用以消除数值振荡的阻尼梯形法误差分析与修正

ERRORS ANALYSIS AND CORRECTION OF DAMPING TRAPEZOIDAL INTEGRATION FOR ELIMINATING NUMERICAL OSCILLATIONS

在电力系统机网暂态数字仿真中,非状态变量的突变往往会引起非原型的数值振荡。在消除振荡的方法中,阻尼梯形法的精度介于向后欧拉法和梯形法之间,由于其精度较低,应用不十分广泛。该文在深入分析阻尼梯形法误差的基础上,利用频谱观点,提出了修正的阻尼梯形法计算公式,使其稳态误差趋近于零。同时,推导了适用于跃变量计算的阻尼方法,并进行了适当简化,使得步长减半后友模的电导近似不变,只需修改电流源即可。理论推导和实际算例都表明,修正后的阻尼梯形法计算精度提高,消除数值振荡的优点更加突出,在数字仿真中可以更好地被应用。

In the digital simulation of power systems transient, the jumping of non-state variant can often cause non-prototype oscillations.
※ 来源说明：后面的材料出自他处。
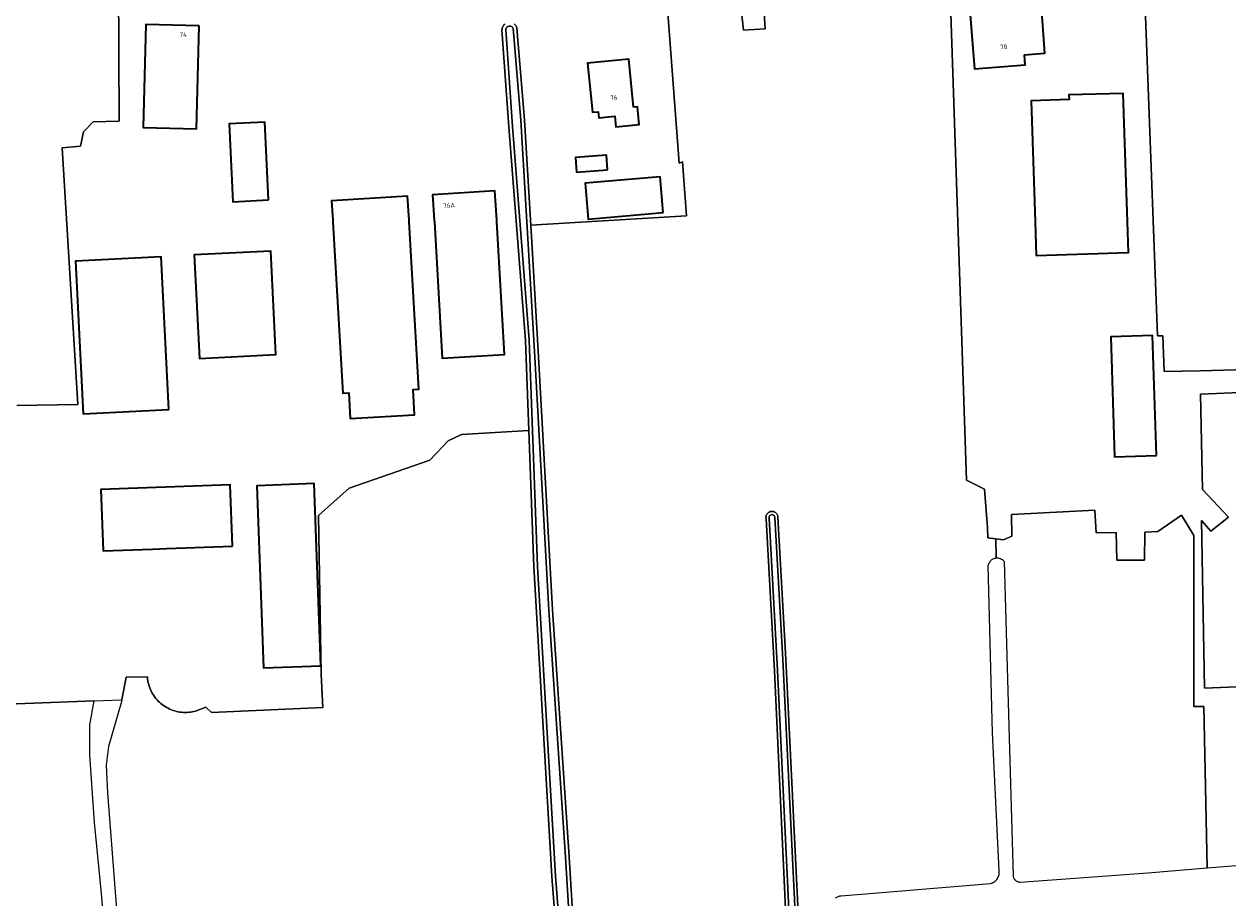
# Model space of a CAD drawing. Header units: metres. Extents: x 125158 to 132124, y 450612 to 454469.
# Tile 45 of 173: x 126197 to 126433, y 451367 to 451539. Entities that reach past the tile are written whole.
import ezdxf
from ezdxf.enums import TextEntityAlignment as Align

# ---------------------------------------------------------------- set-up
doc = ezdxf.new("R2010")
doc.units = ezdxf.units.M
for name, color, linetype, lineweight in [('B-XX-OG-BEBOUWING-GV', 8, 'Continuous', 35), ('B-XX-OG-BEBOUWING-T18', 8, 'Continuous', 18), ('B-XX-OG-TERREIN_CULTUURSCHEIDING-GV', 8, 'Continuous', 18), ('B-XX-OG-WATER-GV', 8, 'Continuous', 18), ('B-XX-OG-WATER_SLOOT-GV', 8, 'Continuous', 18)]:
    doc.layers.add(name, color=color, linetype=linetype, lineweight=lineweight)
doc.styles.add('NLCS-ISO-M-T18', font='NLCS-ISO.ttf', dxfattribs={"height": 1.8})

msp = doc.modelspace()

# ---------------------------------------------------------------- linework, layer by layer
at = {"layer": 'B-XX-OG-BEBOUWING-GV'}
for points in [[(126389.64, 451542.51), (126389.56, 451543.56), (126382.11, 451542.99), (126383.11, 451530), (126393.09, 451530.77), (126392.94, 451532.77), (126396.94, 451533.08), (126396.17, 451543.01)], [(126231.09, 451538.46), (126220.66, 451538.7), (126220.13, 451518.51), (126230.56, 451518.24)], [(126316.28, 451522.46), (126315.33, 451531.89), (126307.27, 451531.08), (126308.24, 451521.47), (126309.35, 451521.58), (126309.47, 451520.4), (126312.62, 451520.72), (126312.83, 451518.64), (126317.4, 451519.1), (126317.05, 451522.53)], [(126413.1, 451500), (126412.27, 451525.18), (126401.64, 451524.91), (126401.66, 451523.97), (126394.21, 451523.73), (126394.99, 451500), (126395.21, 451493.39), (126413.29, 451493.98)], [(126244.68, 451504.27), (126243.95, 451519.55), (126236.97, 451519.2), (126237.7, 451503.93)], [(126311.19, 451510.2), (126310.95, 451513.08), (126304.87, 451512.58), (126305.1, 451509.7)], [(126322.09, 451501.81), (126321.48, 451508.84), (126306.79, 451507.57), (126307.4, 451500.54)], [(126289.46, 451500.33), (126289.1, 451506.04), (126276.88, 451505.27), (126277.2, 451500.32), (126277.22, 451500), (126278.77, 451473.24), (126290.99, 451473.95), (126289.48, 451500)], [(126272.25, 451500.32), (126271.96, 451505.02), (126257.06, 451504.08), (126257.29, 451500.31), (126257.31, 451500), (126259.25, 451466.35), (126260.44, 451466.42), (126260.73, 451461.42), (126273.35, 451462.15), (126273.07, 451467.1), (126274.16, 451467.16), (126272.27, 451500)], [(126245.55, 451486.12), (126245.14, 451494.24), (126230.13, 451493.49), (126231.15, 451473.21), (126246.16, 451473.97)], [(126225.18, 451463.18), (126223.64, 451493.15), (126206.83, 451492.28), (126208.37, 451462.33)], [(126418.82, 451454.14), (126418.03, 451477.66), (126409.85, 451477.4), (126410.6, 451453.86)], [(126237.62, 451436.37), (126237.19, 451448.42), (126211.85, 451447.49), (126212.29, 451435.45), (126221.93, 451435.8), (126224.7, 451435.9)], [(126254.96, 451412.9), (126253.62, 451448.64), (126242.39, 451448.22), (126243.73, 451412.48)]]:
    msp.add_lwpolyline(points, close=True, dxfattribs=at)
at = {"layer": 'B-XX-OG-TERREIN_CULTUURSCHEIDING-GV'}
for points in [[(126435.11, 451559.78), (126429.12, 451559.6), (126422.8, 451559.28), (126415.15, 451558.67), (126408.33, 451558.11), (126408.96, 451546.16), (126416.55, 451543.88), (126419.02, 451477.63), (126420.08, 451477.63), (126420.34, 451470.62), (126427.35, 451470.75), (126457.11, 451471.6)], [(126355.9, 451367.33), (126356.01, 451367.43), (126356.14, 451367.53), (126356.28, 451367.61), (126356.43, 451367.68), (126356.58, 451367.73), (126356.73, 451367.77), (126356.95, 451367.79), (126386.28, 451370.22), (126386.45, 451370.27), (126386.66, 451370.35), (126386.85, 451370.44), (126387.03, 451370.56), (126387.2, 451370.69), (126387.35, 451370.84), (126387.5, 451371), (126387.62, 451371.18), (126387.73, 451371.36), (126387.81, 451371.56), (126387.88, 451371.76), (126387.93, 451371.97), (126387.95, 451372.19), (126387.96, 451372.4), (126387.94, 451372.66), (126386.65, 451399.75), (126385.8, 451432.57), (126386.02, 451433.08), (126386.1, 451433.23), (126386.18, 451433.36), (126386.29, 451433.49), (126386.4, 451433.61), (126386.53, 451433.72), (126386.66, 451433.81), (126386.81, 451433.89), (126386.96, 451433.96), (126387.11, 451434.01), (126387.27, 451434.04), (126387.36, 451434.05), (126387.29, 451437.81), (126385.76, 451437.99), (126385.68, 451440.06), (126385.06, 451447.57), (126381.58, 451449.32), (126378.01, 451554.55)], [(126378.01, 451554.55), (126381.58, 451449.32), (126385.06, 451447.57), (126385.68, 451440.06), (126385.76, 451437.99), (126387.29, 451437.81), (126388.79, 451437.64), (126390.45, 451438.32), (126390.35, 451442.58), (126406.75, 451443.41), (126406.96, 451438.99), (126410.93, 451439.04), (126411.04, 451433.64), (126416.45, 451433.64), (126416.55, 451439.11), (126419.05, 451439.25), (126423.73, 451442.48), (126426.14, 451438.47), (126426.14, 451404.91), (126428.08, 451404.91), (126428.77, 451373.25), (126449.04, 451374.89)], [(126195.38, 451463.99), (126207.32, 451464.14), (126204.23, 451514.51), (126207.85, 451514.81), (126208.41, 451517.66), (126210.32, 451519.57), (126215.42, 451519.73), (126215.31, 451546.81), (126214.75, 451546.84), (126214.73, 451546.35), (126204.07, 451546.8), (126199.62, 451546.97), (126195.5, 451547.33)], [(126215.31, 451546.81), (126215.42, 451519.73), (126210.32, 451519.57), (126208.41, 451517.66), (126207.85, 451514.81), (126204.23, 451514.51), (126207.32, 451464.14), (126195.38, 451463.99)], [(126341.4, 451548.06), (126342.08, 451537.83), (126337.86, 451537.57), (126336.81, 451547.01)], [(126292.89, 451538.79), (126293, 451538.7), (126293.11, 451538.59), (126293.2, 451538.47), (126293.28, 451538.34), (126293.34, 451538.21), (126293.42, 451538.01), (126294.91, 451519.95), (126296.11, 451499.34), (126326.68, 451501.18), (126325.88, 451511.76), (126325.22, 451511.5), (126322.76, 451544.47)], [(126322.76, 451544.47), (126325.22, 451511.5), (126325.88, 451511.76), (126326.68, 451501.18), (126296.11, 451499.34), (126297.61, 451473.49), (126300.38, 451423.86), (126303.63, 451375.43), (126305.56, 451344.36)], [(126457.11, 451471.6), (126427.35, 451470.75), (126420.34, 451470.62), (126420.08, 451477.63), (126419.02, 451477.63), (126416.55, 451543.88)], [(126188.42, 451405.16), (126210.53, 451406.06), (126215.92, 451406.2), (126216.78, 451410.65), (126220.96, 451410.71), (126220.97, 451410.6), (126221, 451410.26), (126221.05, 451409.91), (126221.12, 451409.57), (126221.21, 451409.24), (126221.31, 451408.91), (126221.42, 451408.58), (126221.55, 451408.26), (126221.69, 451407.95), (126221.85, 451407.64), (126222.02, 451407.34), (126222.21, 451407.05), (126222.41, 451406.77), (126222.62, 451406.49), (126222.85, 451406.23), (126223.09, 451405.98), (126223.33, 451405.74), (126223.59, 451405.51), (126223.86, 451405.29), (126224.14, 451405.09), (126224.43, 451404.9), (126224.73, 451404.72), (126225.03, 451404.56), (126225.34, 451404.41), (126225.66, 451404.28), (126225.98, 451404.16), (126226.31, 451404.05), (126226.65, 451403.96), (126226.98, 451403.89), (126227.32, 451403.83), (126227.67, 451403.79), (126228.01, 451403.76), (126228.36, 451403.75), (126228.7, 451403.76), (126229.05, 451403.78), (126229.39, 451403.82), (126229.73, 451403.87), (126230.07, 451403.94), (126230.41, 451404.03), (126232.44, 451404.8), (126233.52, 451403.76), (126255.34, 451404.71), (126255.01, 451411.18), (126254.48, 451442.4), (126260.54, 451447.76), (126276.34, 451453.22), (126279.95, 451457.02), (126282.53, 451458.28), (126295.73, 451459.05), (126295.06, 451476.73), (126291.83, 451518.65), (126290.47, 451537.64), (126290.49, 451537.81), (126290.52, 451537.96), (126290.56, 451538.1), (126290.61, 451538.24), (126290.68, 451538.37), (126290.77, 451538.5), (126290.86, 451538.61), (126290.97, 451538.72), (126291.08, 451538.81)], [(126457.01, 451467.44), (126427.44, 451466.19), (126427.8, 451447.49), (126432.93, 451442.08), (126429.46, 451439.3), (126427.66, 451441.39), (126428.22, 451408.52), (126448.6, 451409.35)], [(126448.6, 451409.35), (126428.22, 451408.52), (126427.66, 451441.39), (126429.46, 451439.3), (126432.93, 451442.08), (126427.8, 451447.49), (126427.44, 451466.19), (126457.01, 451467.44)], [(126302.4, 451343.97), (126300.24, 451371.57), (126296.75, 451432.35), (126295.73, 451459.05), (126282.53, 451458.28), (126279.95, 451457.02), (126276.34, 451453.22), (126260.54, 451447.76), (126254.48, 451442.4), (126255.01, 451411.18), (126255.34, 451404.71), (126233.52, 451403.76), (126232.44, 451404.8), (126230.41, 451404.03), (126230.07, 451403.94), (126229.73, 451403.87), (126229.39, 451403.82), (126229.05, 451403.78), (126228.7, 451403.76), (126228.36, 451403.75), (126228.01, 451403.76), (126227.67, 451403.79), (126227.32, 451403.83), (126226.98, 451403.89), (126226.65, 451403.96), (126226.31, 451404.05), (126225.98, 451404.16), (126225.66, 451404.28), (126225.34, 451404.41), (126225.03, 451404.56), (126224.73, 451404.72), (126224.43, 451404.9), (126224.14, 451405.09), (126223.86, 451405.29), (126223.59, 451405.51), (126223.33, 451405.74), (126223.09, 451405.98), (126222.85, 451406.23), (126222.62, 451406.49), (126222.41, 451406.77), (126222.21, 451407.05), (126222.02, 451407.34), (126221.85, 451407.64), (126221.69, 451407.95), (126221.55, 451408.26), (126221.42, 451408.58), (126221.31, 451408.91), (126221.21, 451409.24), (126221.12, 451409.57), (126221.05, 451409.91), (126221, 451410.26), (126220.97, 451410.6), (126220.96, 451410.71), (126216.78, 451410.65), (126215.92, 451406.2), (126215.82, 451405.66), (126213.3, 451397.06), (126212.86, 451393.44), (126213.15, 451387.98), (126215.19, 451360.91)], [(126346.27, 451360.96), (126343.88, 451411.92), (126342.27, 451441.73), (126342.24, 451441.91), (126342.23, 451442.08), (126342.26, 451442.23), (126342.3, 451442.42), (126342.38, 451442.58), (126342.47, 451442.72), (126342.58, 451442.85), (126342.71, 451442.96), (126342.86, 451443.06), (126343.05, 451443.14), (126343.28, 451443.19), (126343.54, 451443.19), (126343.74, 451443.15), (126343.97, 451443.05), (126344.12, 451442.95), (126344.25, 451442.84), (126344.36, 451442.71), (126344.45, 451442.56), (126344.55, 451442.32), (126344.58, 451442.17), (126344.59, 451442.03), (126346.15, 451414.19), (126348.51, 451365.81)], [(126222.24, 451245.99), (126211.96, 451368.26), (126210.6, 451382.16), (126209.69, 451395.43), (126209.69, 451401.34), (126210.53, 451406.06), (126188.42, 451405.16)]]:
    msp.add_lwpolyline(points, dxfattribs=at)
for points in [[(126340.7, 451547.9), (126340.65, 451548.43), (126338.21, 451547.86), (126338.25, 451547.32), (126337.37, 451547.11), (126336.81, 451547.01), (126337.86, 451537.57), (126342.08, 451537.83), (126341.4, 451548.06), (126341.38, 451548.06)], [(126382.11, 451542.99), (126389.56, 451543.56), (126389.64, 451542.51), (126396.17, 451543.01), (126396.94, 451533.08), (126392.94, 451532.77), (126393.09, 451530.77), (126383.11, 451530)], [(126220.13, 451518.51), (126220.66, 451538.7), (126231.09, 451538.46), (126230.56, 451518.24)], [(126307.27, 451531.08), (126315.33, 451531.89), (126316.28, 451522.46), (126317.05, 451522.53), (126317.4, 451519.1), (126312.83, 451518.64), (126312.62, 451520.72), (126309.47, 451520.4), (126309.35, 451521.58), (126308.24, 451521.47)], [(126401.64, 451524.91), (126412.27, 451525.18), (126413.1, 451500), (126413.29, 451493.98), (126395.21, 451493.39), (126394.99, 451500), (126394.21, 451523.73), (126401.66, 451523.97)], [(126236.97, 451519.2), (126243.95, 451519.55), (126244.68, 451504.27), (126237.7, 451503.93)], [(126304.87, 451512.58), (126310.95, 451513.08), (126311.19, 451510.2), (126305.1, 451509.7)], [(126306.79, 451507.57), (126321.48, 451508.84), (126322.09, 451501.81), (126307.4, 451500.54)], [(126276.88, 451505.27), (126289.1, 451506.04), (126289.46, 451500.33), (126289.48, 451500), (126290.99, 451473.95), (126278.77, 451473.24), (126277.22, 451500), (126277.2, 451500.32)], [(126272.27, 451500), (126274.16, 451467.16), (126273.07, 451467.1), (126273.35, 451462.15), (126260.73, 451461.42), (126260.44, 451466.42), (126259.25, 451466.35), (126257.31, 451500), (126257.29, 451500.31), (126257.06, 451504.08), (126271.96, 451505.02), (126272.25, 451500.32)], [(126231.15, 451473.21), (126230.13, 451493.49), (126245.14, 451494.24), (126245.55, 451486.12), (126246.16, 451473.97)], [(126225.18, 451463.18), (126208.37, 451462.33), (126206.83, 451492.28), (126223.64, 451493.15)], [(126409.85, 451477.4), (126418.03, 451477.66), (126418.82, 451454.14), (126410.6, 451453.86)], [(126221.93, 451435.8), (126212.29, 451435.45), (126211.85, 451447.49), (126237.19, 451448.42), (126237.62, 451436.37), (126224.7, 451435.9)], [(126242.39, 451448.22), (126253.62, 451448.64), (126254.96, 451412.9), (126243.73, 451412.48)], [(126406.96, 451438.99), (126406.75, 451443.41), (126390.35, 451442.58), (126390.45, 451438.32), (126388.79, 451437.64), (126387.29, 451437.81), (126387.36, 451434.05), (126387.44, 451434.06), (126387.6, 451434.07), (126387.77, 451434.05), (126387.93, 451434.02), (126388.09, 451433.98), (126388.24, 451433.92), (126388.39, 451433.85), (126388.53, 451433.76), (126388.66, 451433.66), (126388.77, 451433.54), (126388.92, 451433.38), (126389.92, 451398.76), (126390.71, 451371.73), (126390.73, 451371.58), (126390.75, 451371.45), (126390.8, 451371.32), (126390.85, 451371.2), (126390.92, 451371.08), (126391, 451370.97), (126391.09, 451370.87), (126391.19, 451370.78), (126391.3, 451370.7), (126391.41, 451370.63), (126391.54, 451370.58), (126391.67, 451370.54), (126391.8, 451370.51), (126391.93, 451370.49), (126392.07, 451370.49), (126417.11, 451372.31), (126428.77, 451373.25), (126428.08, 451404.91), (126426.14, 451404.91), (126426.14, 451438.47), (126423.73, 451442.48), (126419.05, 451439.25), (126416.55, 451439.11), (126416.45, 451433.64), (126411.04, 451433.64), (126410.93, 451439.04)]]:
    msp.add_lwpolyline(points, close=True, dxfattribs=at)
at = {"layer": 'B-XX-OG-WATER-GV'}
for points in [[(126304.85, 451344.21), (126302.91, 451375.39), (126299.66, 451423.82), (126296.89, 451473.45), (126294.19, 451519.9), (126292.7, 451537.88), (126292.64, 451538), (126292.56, 451538.12), (126292.47, 451538.21), (126292.36, 451538.29), (126292.23, 451538.34), (126292.1, 451538.38), (126291.91, 451538.38), (126291.77, 451538.36), (126291.64, 451538.31), (126291.53, 451538.24), (126291.42, 451538.16), (126291.34, 451538.05), (126291.25, 451537.88), (126291.22, 451537.68), (126292.55, 451518.71), (126295.78, 451476.78), (126297.47, 451432.38), (126300.96, 451371.62), (126303.13, 451344.03)], [(126349.2, 451338.81), (126345.53, 451414.15), (126343.96, 451442.02), (126343.94, 451442.16), (126343.89, 451442.28), (126343.82, 451442.39), (126343.71, 451442.48), (126343.6, 451442.53), (126343.46, 451442.56), (126343.25, 451442.54), (126343.12, 451442.48), (126343.02, 451442.4), (126342.94, 451442.3), (126342.89, 451442.18), (126342.88, 451442.01), (126342.89, 451441.87), (126344.51, 451411.95), (126346.89, 451360.99)]]:
    msp.add_lwpolyline(points, dxfattribs=at)
at = {"layer": 'B-XX-OG-WATER_SLOOT-GV'}
for points in [[(126291.08, 451538.81), (126290.97, 451538.72), (126290.86, 451538.61), (126290.77, 451538.5), (126290.68, 451538.37), (126290.61, 451538.24), (126290.56, 451538.1), (126290.52, 451537.96), (126290.49, 451537.81), (126290.47, 451537.64), (126291.83, 451518.65), (126295.06, 451476.73), (126295.73, 451459.05), (126296.75, 451432.35), (126300.24, 451371.57), (126302.4, 451343.97)], [(126303.13, 451344.03), (126300.96, 451371.62), (126297.47, 451432.38), (126295.78, 451476.78), (126292.55, 451518.71), (126291.22, 451537.68), (126291.25, 451537.88), (126291.34, 451538.05), (126291.42, 451538.16), (126291.53, 451538.24), (126291.64, 451538.31), (126291.77, 451538.36), (126291.91, 451538.38), (126292.1, 451538.38), (126292.23, 451538.34), (126292.36, 451538.29), (126292.47, 451538.21), (126292.56, 451538.12), (126292.64, 451538), (126292.7, 451537.88), (126294.19, 451519.9), (126296.89, 451473.45), (126299.66, 451423.82), (126302.91, 451375.39), (126304.85, 451344.21)], [(126305.56, 451344.36), (126303.63, 451375.43), (126300.38, 451423.86), (126297.61, 451473.49), (126296.11, 451499.34), (126294.91, 451519.95), (126293.42, 451538.01), (126293.34, 451538.21), (126293.28, 451538.34), (126293.2, 451538.47), (126293.11, 451538.59), (126293, 451538.7), (126292.89, 451538.79)], [(126348.51, 451365.81), (126346.15, 451414.19), (126344.59, 451442.03), (126344.58, 451442.17), (126344.55, 451442.32), (126344.45, 451442.56), (126344.36, 451442.71), (126344.25, 451442.84), (126344.12, 451442.95), (126343.97, 451443.05), (126343.74, 451443.15), (126343.54, 451443.19), (126343.28, 451443.19), (126343.05, 451443.14), (126342.86, 451443.06), (126342.71, 451442.96), (126342.58, 451442.85), (126342.47, 451442.72), (126342.38, 451442.58), (126342.3, 451442.42), (126342.26, 451442.23), (126342.23, 451442.08), (126342.24, 451441.91), (126342.27, 451441.73), (126343.88, 451411.92), (126346.27, 451360.96)], [(126346.89, 451360.99), (126344.51, 451411.95), (126342.89, 451441.87), (126342.88, 451442.01), (126342.89, 451442.18), (126342.94, 451442.3), (126343.02, 451442.4), (126343.12, 451442.48), (126343.25, 451442.54), (126343.46, 451442.56), (126343.6, 451442.53), (126343.71, 451442.48), (126343.82, 451442.39), (126343.89, 451442.28), (126343.94, 451442.16), (126343.96, 451442.02), (126345.53, 451414.15), (126349.2, 451338.81)]]:
    msp.add_lwpolyline(points, dxfattribs=at)

# ---------------------------------------------------------------- texts
at = {"layer": 'B-XX-OG-BEBOUWING-T18', "style": 'NLCS-ISO-M-T18'}
for s, rotation, p in [('74', 358.4, (126227.97, 451536.69)), ('78', 4.6, (126388.85, 451534.3)), ('76', 4.8, (126312.4, 451524.34)), ('76A', 2.2, (126280.1, 451503.21))]:
    msp.add_text(s, height=0.9, rotation=rotation, dxfattribs=at).set_placement(p, align=Align.MIDDLE_CENTER)

doc.saveas('drawing.dxf')

Among the methods to eliminate oscillations, the precision of damping Trapezoidal Integration is between backward Euler integration method and trapezoidal integration method, so it is not used widely. Based on the deeply analysis of errors of Trapezoidal Integration with Damping, this paper presents its corrected calculating formula with the opinion of spectrum-analysis. The steady error of corrected arithmetic can converge to zero. At the same time, a new method for calculating the jumping values is worked out. The main advantage of this method is that the conductance of model is almost fixed with half time-step, and only modification is needed for the current sources. Theoretic analysis and examples also indicate that the precision of corrected method is greatly improved. The advantage of eliminating oscillations is stand out and the corrected method can be used more widely in the digital simulation of power systems.